Wohin flossen die Rückstellungen?
„Vattenfall ist der Konzern, der am anfälligsten ist“, sagt Bettina Meyer, die für das Forum Ökologisch-Soziale Marktwirtschaft und Greenpeace umfangreiche Studien zum Thema erstellt hat. Auch sie fordert zunächst mehr Transparenz über die Rückstellungen. Die waren bisher vor allem ein Steuersparmodell für die Konzerne: Gewinne, die als Rückstellungen bilanziert werden, müssen nicht versteuert werden. Allerdings ist völlig unklar, wie sie angelegt sind. Zwar testieren Wirtschaftsprüfungsgesellschaften, dass die Bilanzen korrekt sind – nicht aber, ob Rückstellungen in sichere Staatsanleihen oder den Bau neuer Kohlekraftwerke geflossen sind.

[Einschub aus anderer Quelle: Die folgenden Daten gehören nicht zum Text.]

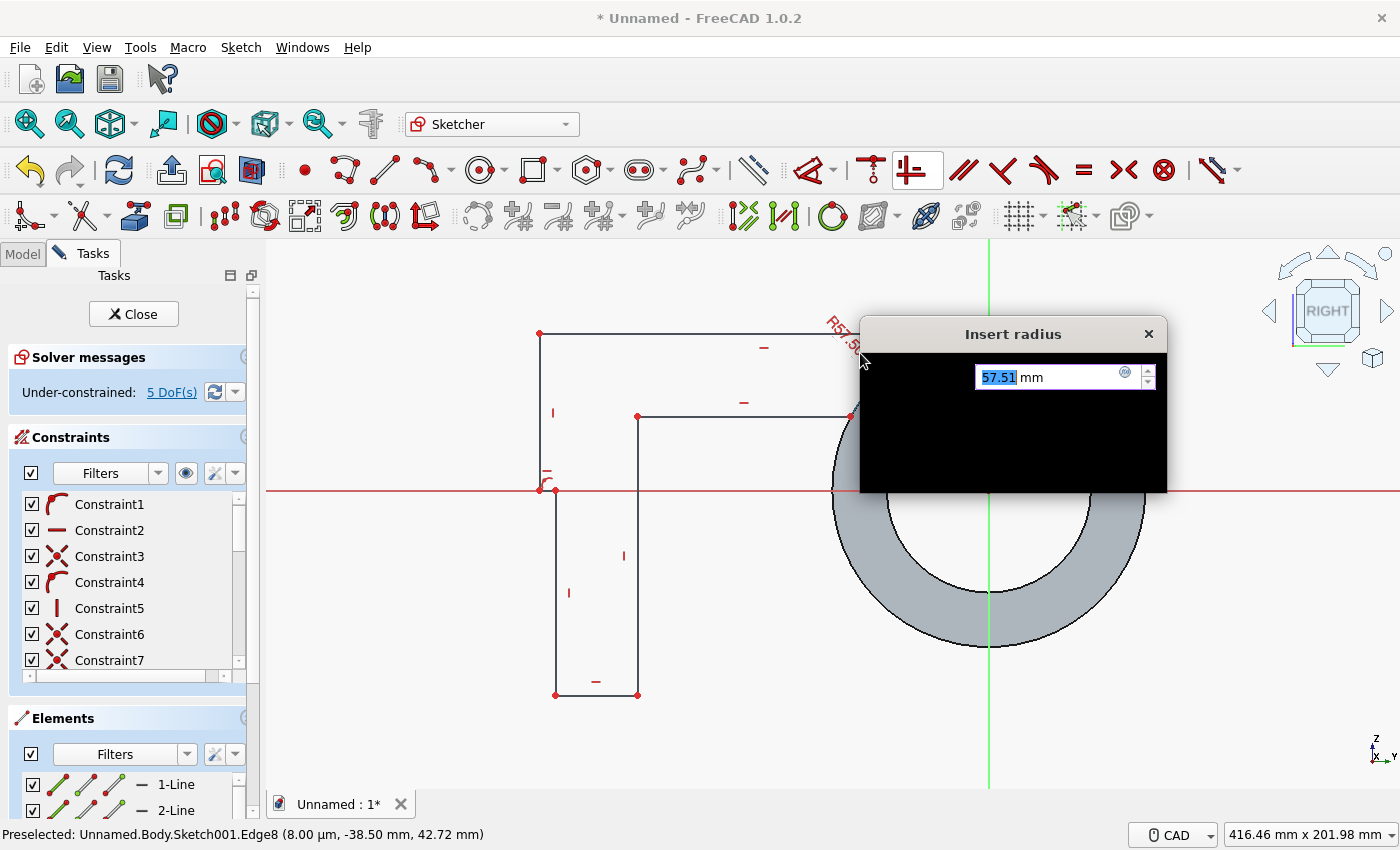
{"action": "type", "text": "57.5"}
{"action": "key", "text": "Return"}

Meyer schlägt daher vor, an die Reserve zum Atomrückbau zunächst die gleichen, sicheren Investmentregeln wie für Pensionsfonds oder Lebensversicherungen anzulegen. Rückstellungen für langfristige Verpflichtungen wie die Atommüllendlagerung sollten dagegen in einen Fonds verlagert werden. Eine offizielle Stellungnahme wollten Eon oder RWE nicht abgeben.